Clafoutis
Een heerlijk nagerecht is clafoutis, een soort hele dikke pannenkoek, erg lekker als hij nog een beetje warm is. Als je hem opensnijdt, lijkt hij een beetje op een gele roomtaart. Het gerecht komt uit de Limousin in Frankrijk. De Fransen eten de clafoutis voornamelijk als dessert, doe er dan een lekker bolletje ijs bij. De combinatie lauwwarme clafoutis en ijs is werkelijk geweldig. Om de clafoutis nog lekkerder te maken, kan je eventueel nog een scheutje armagnac aan het beslag kunnen toevoegen. Bon Appétit!
Recept voor kersenclafoutis.
Was 450 gram kersen en ontsteel ze, ik laat de pitten zitten, maar je kan er voor kiezen de kersen te ontpitten. Beboter een quiche vorm met een opstaande rand van ongeveer 3 cm, geen springvorm want daar loopt het ‘beslag’ doorheen.
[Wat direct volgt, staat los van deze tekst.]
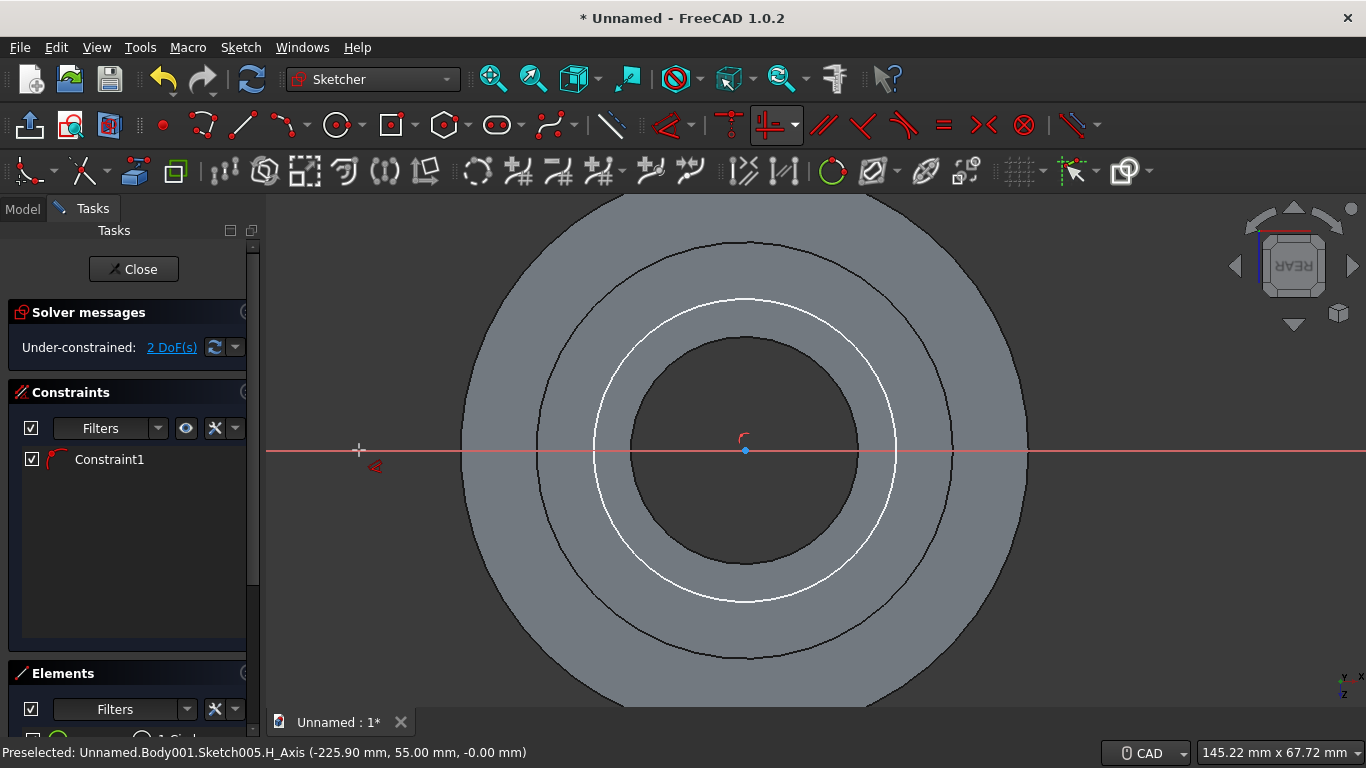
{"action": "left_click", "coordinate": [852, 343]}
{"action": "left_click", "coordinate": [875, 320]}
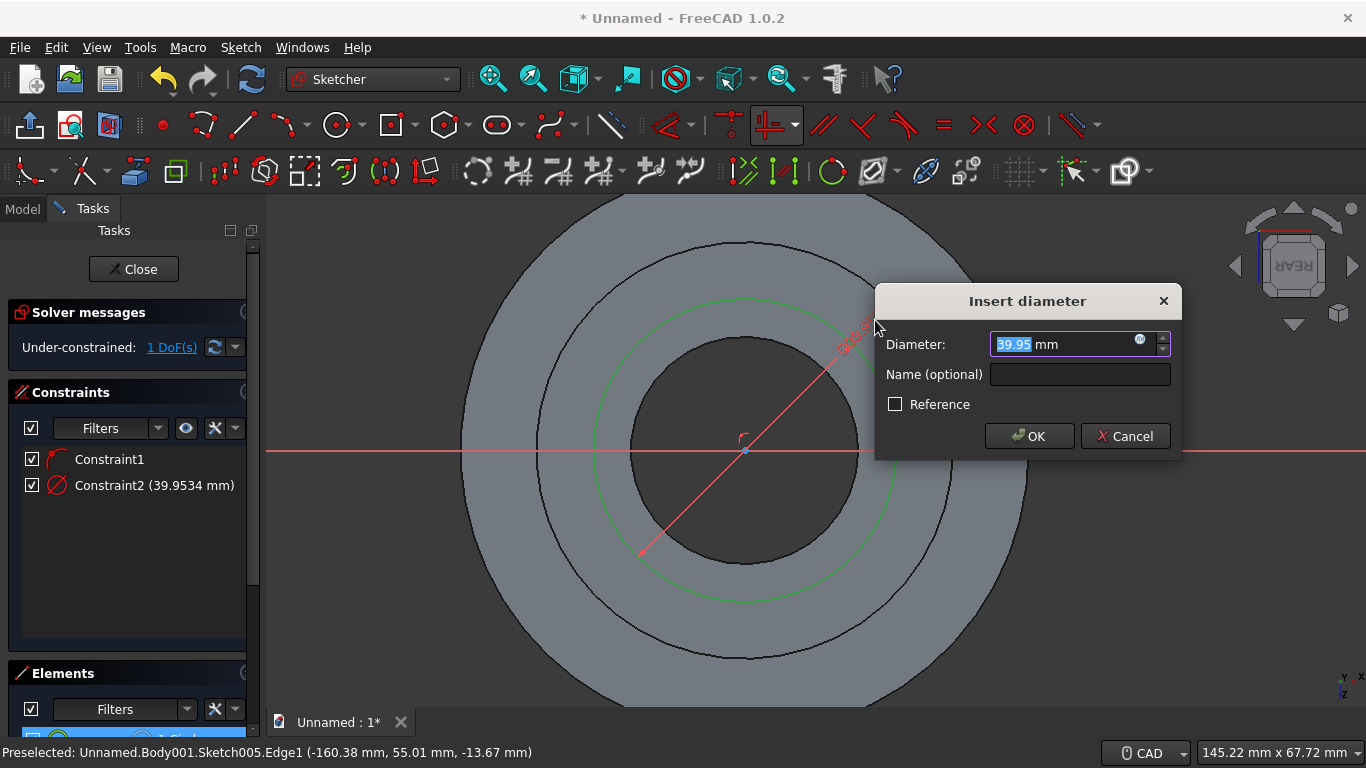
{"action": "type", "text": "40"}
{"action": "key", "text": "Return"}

Bestrooi de vorm met wat suiker. Verwarm de oven voor op 200 graden en doe de kersen, goed uitgelekt, op bijvoorbeeld een schone theedoek, in de quiche vorm. Vermeng 70 gram bloem met 65 gram suiker, een snufje zout, wat citroenrasp en de merg van een vanillestokje met elkaar. Doe 200 ml melk erbij, 4 eieren en 3 eetlepels gesmolten boter.
Giet het beslag over de kersen. Bak de kersenclafoutis 15 minuten in de oven en draai dan de temperatuur naar 180 graden. Na ongeveer 30 minuten is de clafoutis gerezen en lichtbruin. Laat de clafoutis iets afkoelen en bestrooi hem dan met poedersuiker.